Tomi's Challenges - #23

Note that the expression can be written as:

$Q = \frac {\phi \left(17(a_1 - a_2 - a_3 - a_4 - a_5 - a_6 - a_7 - a_8) \right)}{4^{15}}$

where

$\begin{aligned} a_1 & = 20^8 = 4^8 5^8 = 4^8 (4+1)^8 \\ & = 4^8 (4^8 + 8 \cdot 4^7 + 28 \cdot 4^6 + 56 \cdot 4^5 + 70 \cdot 4^4 + 56 \cdot 4^3 + 28 \cdot 4^2 + 8 \cdot 4 + 1) \\ & = 16^8 + 8 \cdot 16^7 \cdot 4 + 28 \cdot 16^6 \cdot 4^2 + 56 \cdot 16^5 \cdot 4^3 + 70 \cdot 16^4 \cdot 4^4 + 56 \cdot 16^3 \cdot 4^5 + 28 \cdot 16^2 \cdot 4^6 + 8 \cdot 16 \cdot 4^7 + 4^8 \\ & = 16^8 + a_2 + a_3 + a_4 + a_5 + a_6 + a_7 + a_8 + 4^8 \end{aligned}$

Then

$\begin{aligned} Q & = \frac {\phi \left(17(16^8+4^8)\right)}{4^{15}} \\ & = \frac {\phi \left(17\cdot 4^8(4^8+1)\right)}{4^{15}} \\ & = \frac {\phi \left(17\cdot 4^8 \cdot \blue{65537} \right)}{4^{15}} & \small \blue{\text{Note that }65537 \text{ is a prime.}} \\ & = \frac {17\cdot 4^8 \cdot 65537}{4^{15}} \cdot \frac {16}{17} \cdot \frac 12 \cdot \frac {4^8}{65537} \\ & = \frac {4^{18}}{2\cdot 4^{15}} = \boxed{32} \end{aligned}$

The gist of this problem is the following two things:

• $\phi(p)=p-1$ , for any prime number $p$ .
• $\phi(p)=\frac{p}{2}$ whenever a natural number $p$ is a power of 2.

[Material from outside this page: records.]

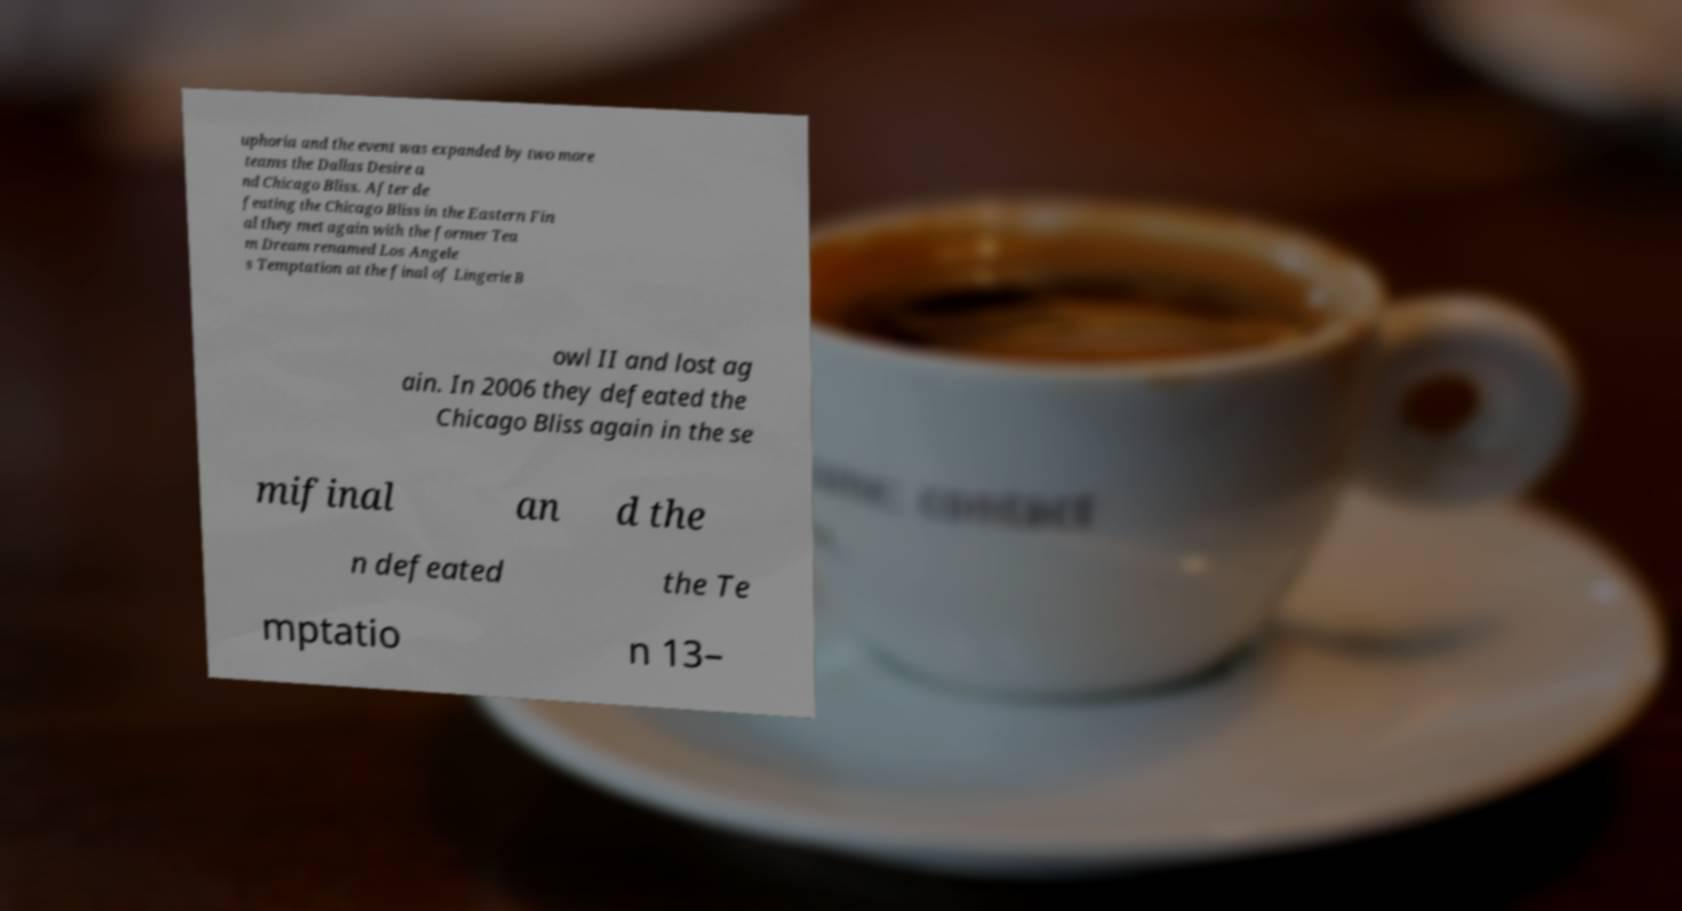Please read and relay the text visible in this image. What does it say? uphoria and the event was expanded by two more teams the Dallas Desire a nd Chicago Bliss. After de feating the Chicago Bliss in the Eastern Fin al they met again with the former Tea m Dream renamed Los Angele s Temptation at the final of Lingerie B owl II and lost ag ain. In 2006 they defeated the Chicago Bliss again in the se mifinal an d the n defeated the Te mptatio n 13– 
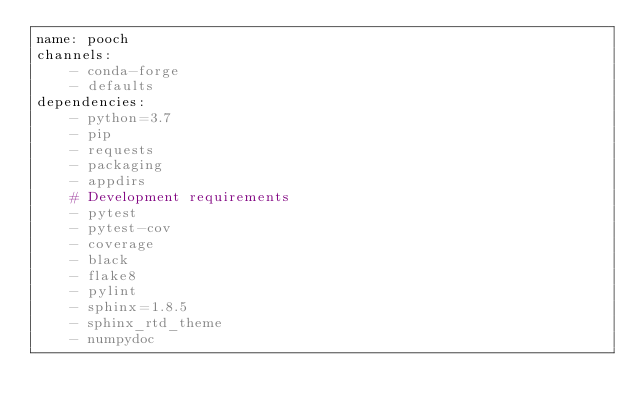Convert code to text. <code><loc_0><loc_0><loc_500><loc_500><_YAML_>name: pooch
channels:
    - conda-forge
    - defaults
dependencies:
    - python=3.7
    - pip
    - requests
    - packaging
    - appdirs
    # Development requirements
    - pytest
    - pytest-cov
    - coverage
    - black
    - flake8
    - pylint
    - sphinx=1.8.5
    - sphinx_rtd_theme
    - numpydoc
</code> 
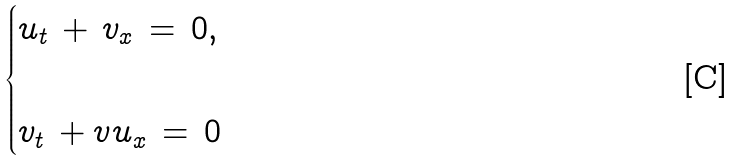Convert formula to latex. <formula><loc_0><loc_0><loc_500><loc_500>\begin{cases} u _ { t } \, + \, v _ { x } \, = \, 0 , \\ \\ v _ { t } \, + v u _ { x } \, = \, 0 \end{cases}</formula> 
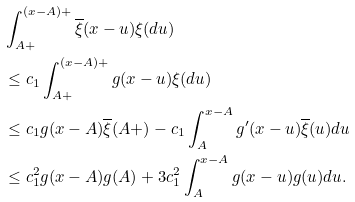<formula> <loc_0><loc_0><loc_500><loc_500>& \int _ { A + } ^ { ( x - A ) + } \overline { \xi } ( x - u ) \xi ( d u ) \\ & \leq c _ { 1 } \int _ { A + } ^ { ( x - A ) + } g ( x - u ) \xi ( d u ) \\ & \leq c _ { 1 } g ( x - A ) \overline { \xi } ( A + ) - c _ { 1 } \int _ { A } ^ { x - A } g ^ { \prime } ( x - u ) \overline { \xi } ( u ) d u \\ & \leq c _ { 1 } ^ { 2 } g ( x - A ) g ( A ) + 3 c _ { 1 } ^ { 2 } \int _ { A } ^ { x - A } g ( x - u ) g ( u ) d u .</formula>

Knowing these two things, let's solve the problem. The first step is to simplify the numerator:

$\phi(17\cdot 20^8-17\cdot 8\cdot 16^7\cdot 4-17\cdot 28\cdot 16^6\cdot 4^2-17\cdot 56\cdot 16^5\cdot 4^3-17\cdot 70\cdot 16^4\cdot 4^4-17\cdot 56\cdot 16^3\cdot 4^5-17\cdot 28\cdot 16^2\cdot 4^6-17\cdot 8\cdot 16\cdot 4^7)=$ $=\phi(17(20^8-8\cdot 16^7\cdot 4-28\cdot 16^6\cdot 4^2-56\cdot 16^5\cdot 4^3-70\cdot 16^4\cdot 4^4-56\cdot 16^3\cdot 4^5-28\cdot 16^2\cdot 4^6-8\cdot 16\cdot 4^7))=$ $=\phi(17((16+4)^8-8\cdot 16^7\cdot 4-28\cdot 16^6\cdot 4^2-56\cdot 16^5\cdot 4^3-70\cdot 16^4\cdot 4^4-56\cdot 16^3\cdot 4^5-28\cdot 16^2\cdot 4^6-8\cdot 16\cdot 4^7))=$ $=\phi(17(16^8+4^8))$ Since $16^8+4^8$ is even, it's relatively prime with $17$ . Therefore: $=\phi(17)\phi(16^8+4^8)=16\cdot \phi(16^8+4^8)$

The next problem is to find $\phi(16^8+4^8)$ . Notice that $\phi(16^8+4^8)=\phi(4^8\cdot (4^8+1))$ . These two numbers are adjacent so they are relatively prime. We have:

$\phi(4^8\cdot (4^8+1))=\phi(4^8)\phi(4^8+1)$ . Since $4^8=2^{16}$ , it's a power of 2 so $\phi(2^{16})=\frac{2^{16}}{2}=2^{15}$ .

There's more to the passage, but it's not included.